Hamish,

I've just been made aware of Apache XML Beans. It seems one can compile XML Schema into Java classes that can access an underlying DOM in a Java friendly way. Maybe you can access the incoming SOAP body using XML Beans, create your new Java objects (with XML Beans generated from your other schema) and then send the resultant XML to the other server.

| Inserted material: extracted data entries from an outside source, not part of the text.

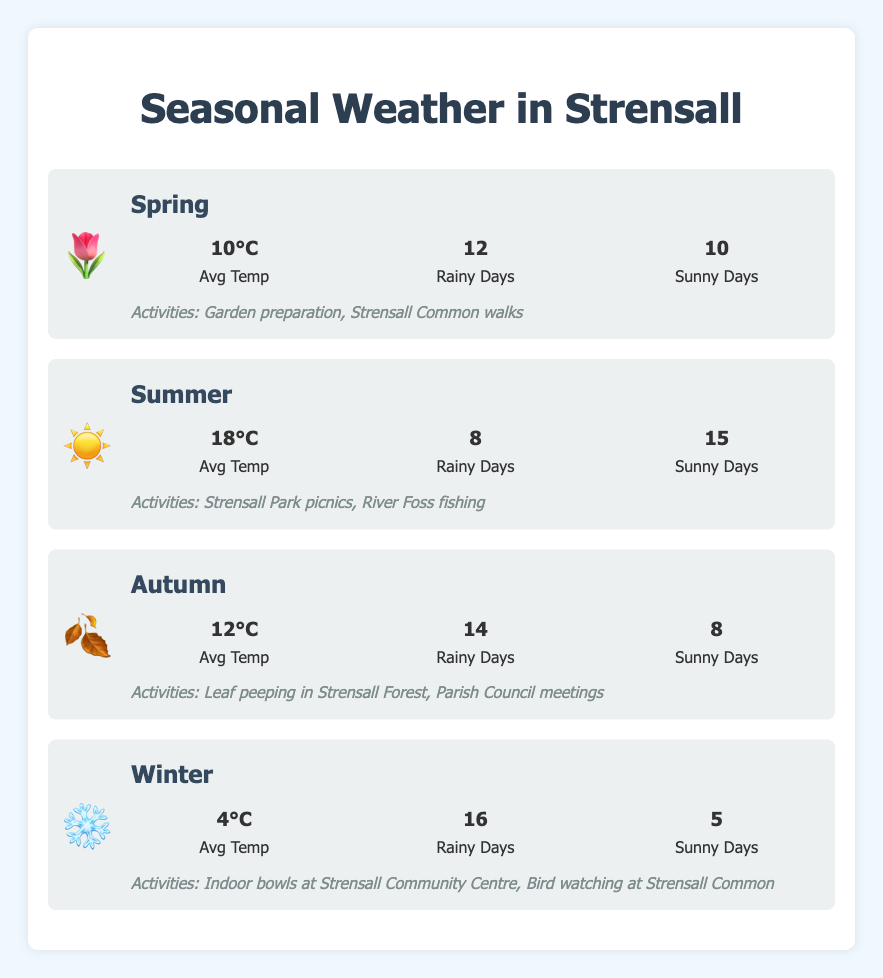What's the average temperature in Summer? To find the average temperature in Summer, we simply look under the Summer section for the value next to "Avg Temp," which is written as 18°C.
Answer: 18°C Which season has the most rainy days? By comparing the values under "Rainy Days" for all seasons, we see that Winter has 16 rainy days, which is the highest.
Answer: Winter How many more sunny days are there in Summer compared to Autumn? To compare sunny days, we find the values for Summer and Autumn under "Sunny Days." Summer has 15 sunny days, and Autumn has 8, so the difference is 15 - 8.
Answer: 7 In which season does the highest average temperature occur, and what activities are suggested for that season? Checking the average temperatures under each season, Summer has the highest with 18°C. The suggested activities for Summer are Strensall Park picnics and River Foss fishing.
Answer: Summer, Strensall Park picnics and River Foss fishing What activities can you do in Spring and Winter? Look under the "activities" listed for Spring and Winter. For Spring, the activities are Garden preparation and Strensall Common walks. For Winter, they are Indoor bowls at Strensall Community Centre and Bird watching at Strensall Common.
Answer: Garden preparation, Strensall Common walks, Indoor bowls at Strensall Community Centre, Bird watching at Strensall Common Comparing sunny days, does Spring or Winter have more? Spring has 10 sunny days, while Winter has 5 sunny days. Therefore, Spring has more sunny days.
Answer: Spring Which two seasons have a difference of 6°C in their average temperatures? By analyzing the average temperatures for all seasons, Summer has 18°C and Spring has 10°C. The difference between these two is 18 - 10, which equals 8°C. For 6°C, check between Summer and Autumn (18 - 12) or Spring and Winter (10 - 4), both equal 6°C.
Answer: Spring and Winter List the seasons in order of increasing average temperature. The average temperatures are Spring (10°C), Summer (18°C), Autumn (12°C), and Winter (4°C). Ordering them from lowest to highest is Winter (4°C), Spring (10°C), Autumn (12°C), Summer (18°C).
Answer: Winter, Spring, Autumn, Summer If I want to avoid rainy days, which season should I choose? To avoid rainy days, we should select the season with the least rainy days. Summer has the fewest with 8 rainy days.
Answer: Summer What is the combined number of rainy and sunny days in Autumn? To find the combined total, add the number of rainy and sunny days in Autumn: 14 (rainy) + 8 (sunny) = 22 days.
Answer: 22

The same could be done for the response.

Just a thought.

Tony



Hello  All,


I have the following situation and am wondering if any of you can offer any suggestions as to how to best handle it :


1) I have added a new method to the wsdl and this method basically accepts the given input and then has to transform/map the data into an xml structure ( not SOAP ) to send to some other server ( not a Web Service ) and then await a response from this server and map the xml response back into the java objects ( defined in the wsdl ) to send back to the client who called my web service.

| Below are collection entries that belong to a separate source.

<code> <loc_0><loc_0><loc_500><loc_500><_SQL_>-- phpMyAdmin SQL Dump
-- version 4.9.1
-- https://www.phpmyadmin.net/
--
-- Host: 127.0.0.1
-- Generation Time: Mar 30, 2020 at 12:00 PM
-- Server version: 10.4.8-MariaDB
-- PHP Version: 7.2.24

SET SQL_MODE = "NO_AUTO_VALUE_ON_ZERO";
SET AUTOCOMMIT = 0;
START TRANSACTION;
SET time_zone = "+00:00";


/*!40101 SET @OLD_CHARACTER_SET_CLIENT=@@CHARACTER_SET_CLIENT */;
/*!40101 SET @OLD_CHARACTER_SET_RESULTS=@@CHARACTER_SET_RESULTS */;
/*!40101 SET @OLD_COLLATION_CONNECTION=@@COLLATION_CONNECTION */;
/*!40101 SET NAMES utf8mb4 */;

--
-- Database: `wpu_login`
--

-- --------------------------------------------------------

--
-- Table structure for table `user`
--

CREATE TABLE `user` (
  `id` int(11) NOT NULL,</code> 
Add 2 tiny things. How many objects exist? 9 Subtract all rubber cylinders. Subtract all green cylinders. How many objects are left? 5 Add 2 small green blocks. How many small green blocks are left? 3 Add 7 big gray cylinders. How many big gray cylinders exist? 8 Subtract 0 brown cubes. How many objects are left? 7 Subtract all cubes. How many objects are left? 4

2) The problem I have here is that there is not a 1 to 1 mapping from the request objects ( defined in my wsdl ) and the xml I have to send to the other server.

I have looked into using jaxb to create java object from the schema of the xml I have to send to this other server and I could do it that way, but the problem with this solution is that I have to write additional code to map my java request objects into the corresponding jaxb generated java objects.  Sounds like a drag to me!


I have also looked into using Jibx.  This looks intriguing, as it looks as if I can bypass java object to object mapping on the server and basically map the java object from my web service request straight to the xml I need.  My only concern about Jibx is that it modifies the byte code.  This sounds dangerous to me and I'm not sure I want to use it.

Do any of you know if Jibx is safe to use or if there are any alternatives that provide jibx like behavior?


Thanks,

Hamish.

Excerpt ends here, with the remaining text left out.